Education: Cooke County Junior College, police science

Employment: Denton County Precinct 1, 1990-92, deputy constable; Denton County Precinct 1, 1993-96, constable; Denton County Facilities Department, 1997-2010, recycling coordinator; Denton County Sheriff’s Office, 1997-2010, detention officer.

If elected, what are some issues you’d like to take on as a council member?

One is the economy here in Denton. I think our businesses are taking a hit because of COVID-19, so our businesses need to try to get back open. I know it’ll take a little time on that, but if we can get these businesses going back, and they can get a vaccine, maybe that’ll help our economy, help our business and let people keep their jobs.

With up to four new council members after this election, what should the City Council to look like?

I think that everybody that’s running would try to help their community and their city as much has they can, so I think everybody would do their best to do the job the best they can.

What do you think responsible development looks like in your district?

I know that they’re building a lot of homes, I’d say, and I think that will look good for people that are wanting to come to Denton to live. They’ll have an opportunity of finding them a home here.

Daniel Clanton

Daniel Clanton

Daniel Clanton

Age: 49

Raised in: Denton

Education: Texas Woman’s University, enrolled but did not graduate

Employment: NTT Data Services, 2008-present, delivery manager

If elected, what are some issues you’d like to take on as a council member?

My top three issues for Denton and top three issues of my platform are sidewalks, second one is homelessness and along with that is human trafficking.

With up to four new council members after this election, what would you like the City Council to look like?

I would like to see a council that is diverse in ideas and people because we don’t all need to be thinking the exact same way. We need everybody to show their side and to have their input into it.

What do you think responsible development looks like in your district?

Any development — whether it be commercial, residential — needs to take into effect the environment, sustainability of the company and our effect on our waterways, our green spaces and our tree canopy.

Jon Hohman

Jon Hohman

Jon Hohman

Age: 47

Raised in: Austin

Education: Berklee College of Music, enrolled but did not graduate

Employment: Stay-at-home dad, 2013-present; Jon Hohman Photography, photographer

If elected, what are some issues you’d like to take on as a council member?

I’m going to work toward keeping every dollar in Denton. I’m going to put marginalized people first.

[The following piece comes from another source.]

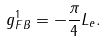<formula> <loc_0><loc_0><loc_500><loc_500>g _ { F B } ^ { 1 } = - \frac { \pi } { 4 } L _ { e } .</formula>

I’m going to help developers, city planners and residents appreciate how sustainable low-impact development and green infrastructure combined with “walkability” methodologies will save us all and make us all money while benefiting our collective health and the environment we depend on for that health.

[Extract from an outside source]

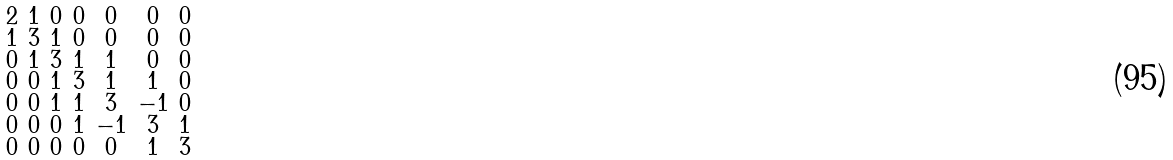<formula> <loc_0><loc_0><loc_500><loc_500>\begin{smallmatrix} 2 & 1 & 0 & 0 & 0 & 0 & 0 \\ 1 & 3 & 1 & 0 & 0 & 0 & 0 \\ 0 & 1 & 3 & 1 & 1 & 0 & 0 \\ 0 & 0 & 1 & 3 & 1 & 1 & 0 \\ 0 & 0 & 1 & 1 & 3 & - 1 & 0 \\ 0 & 0 & 0 & 1 & - 1 & 3 & 1 \\ 0 & 0 & 0 & 0 & 0 & 1 & 3 \end{smallmatrix}</formula>

With up to four new council members after this election, what would you like the City Council to look like?

I’m hoping it will look and feel like for the council, and the public at large, a service-oriented collaborative with open mindedness, innovation and heart for people on the ground struggling as obvious priorities.

What do you think responsible development looks like in your district?

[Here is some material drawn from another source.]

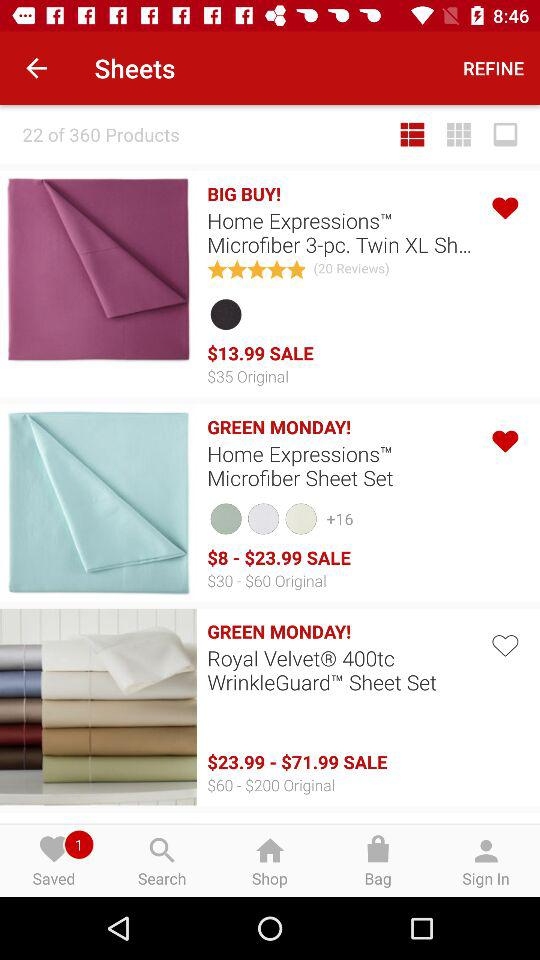Are there any saved products? There is 1 saved product.

Infill [development], accessory dwelling units (ADU), increased pedestrian-oriented mobility and as many features of the new urbanism the council can find its way to seeing the benefit of. These benefits include benefits, again, to help restore the interrupted connections between ourselves and our environment — a re-villaging of sorts as an antidote to the isolation that’s become even more pronounced lately. Unsustainable development to me is like astronauts taking axes to their life support systems.